Wednesday, January 6, 2010

Dodd Bails Out...

Senator Christopher Dodd, Democrat, Connecticut, announced this morning that he will not seek re-election in 2010.  This is probably a smart move on his part, as the polls are showing that he'd lose even if he were running against Osama Bin Laden.  This drop in his popularity came about because his corruption has been exposed – he's been trading his powerful position on the Finance Committee for favors from the financial industry for years.  The most notorious examples of this are the sweetheart (low interest) mortgages he received from Countrywide, and the multi-million dollar “cottage” some “friends” in the financial industry gave him.  There's much, much more; it's now crystal-clear that Dodd is a corruptocrat of the first order.  He deserves to go to jail, but getting him out of office is a reasonable start.

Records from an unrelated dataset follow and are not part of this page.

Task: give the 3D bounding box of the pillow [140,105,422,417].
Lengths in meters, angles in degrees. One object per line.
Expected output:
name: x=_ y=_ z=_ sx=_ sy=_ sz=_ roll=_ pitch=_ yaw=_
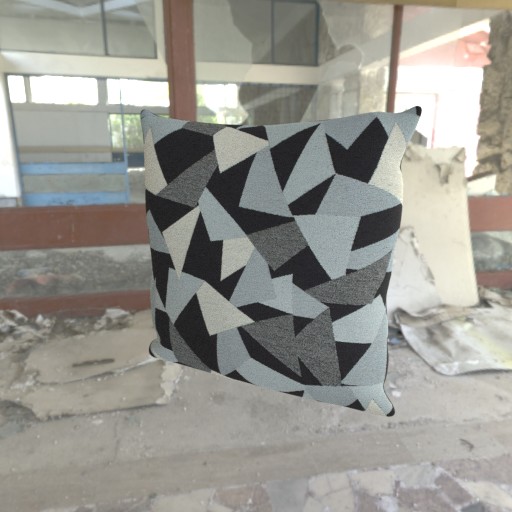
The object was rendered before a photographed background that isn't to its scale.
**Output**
pillow: x=0.000 y=0.000 z=0.768 sx=0.503 sy=0.496 sz=0.208 roll=7 pitch=16 yaw=25
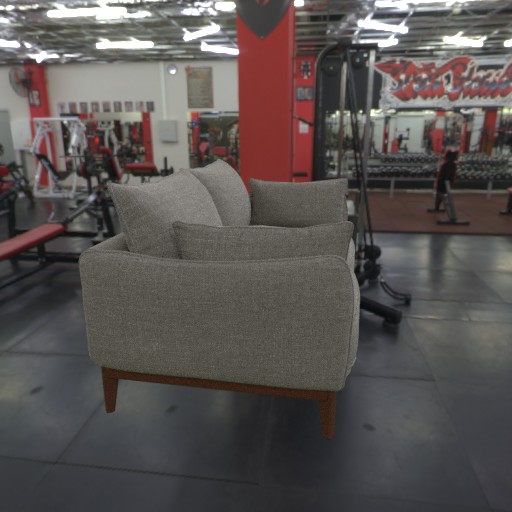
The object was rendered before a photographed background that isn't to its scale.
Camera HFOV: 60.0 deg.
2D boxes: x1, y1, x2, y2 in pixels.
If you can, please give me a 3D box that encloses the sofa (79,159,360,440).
[{"bbox_3d":[0.000,0.000,2.171,0.972,0.851,1.580,3,16,10],"label":"sofa"}]

But Dodd's bailing out can also be seen as part of a larger pattern here: Democrats have been retiring at a prodigious rate.  If I'm counting correctly, we're now up to 11 House members and 3 Senate members who are not coming back after 2010.  If the Republicans were to pick up some of those House seats and just one of the Senate seats, the Congressional balance of power would be significantly shifted away from the Democrats.  It would be a Congress much more conducive to complete gridlock – my favorite place for a federal government to be (because nearly everything they do is bad, so the less they can do, the better).

Some observers are predicting that the folks who have already bailed out are just the beginning of a tsunami of “retiring” Democrats.  If that's true, that's just lovely – and a very hopeful omen for the outcome of the 2010 mid-terms...

ClimateGate: See For Yourself...

American Thinker is running a series of daily graphs showing how the AGW folks “adjusted” the raw station temperature data.  Oddly enough, those adjustments all seem to change data showing one thing into data showing another thing altogether!

The graph at right is their graph for yesterday.  It shows the raw data (in blue) and “adjusted&rddquo; data (in red) for Kremsmuenster, Austria.

Just by eyeballing it, you can see that the raw data shows little if any trend in any direction, while the adjusted data shows a clear warming trend.

As many observers have noted, if you take all the raw data that independent analysts have been able to obtain, there is no clear trend in it.  The trend emerges only after these sorts of adjustments have been applied.  It's as though you weighed yourself every morning for 10 years, plotted the resulting data, saw that there was no declining weight pattern – so then you go back and “adjust” the data to show that you had a higher weight in the past.  Now you can claim that your weight is going down!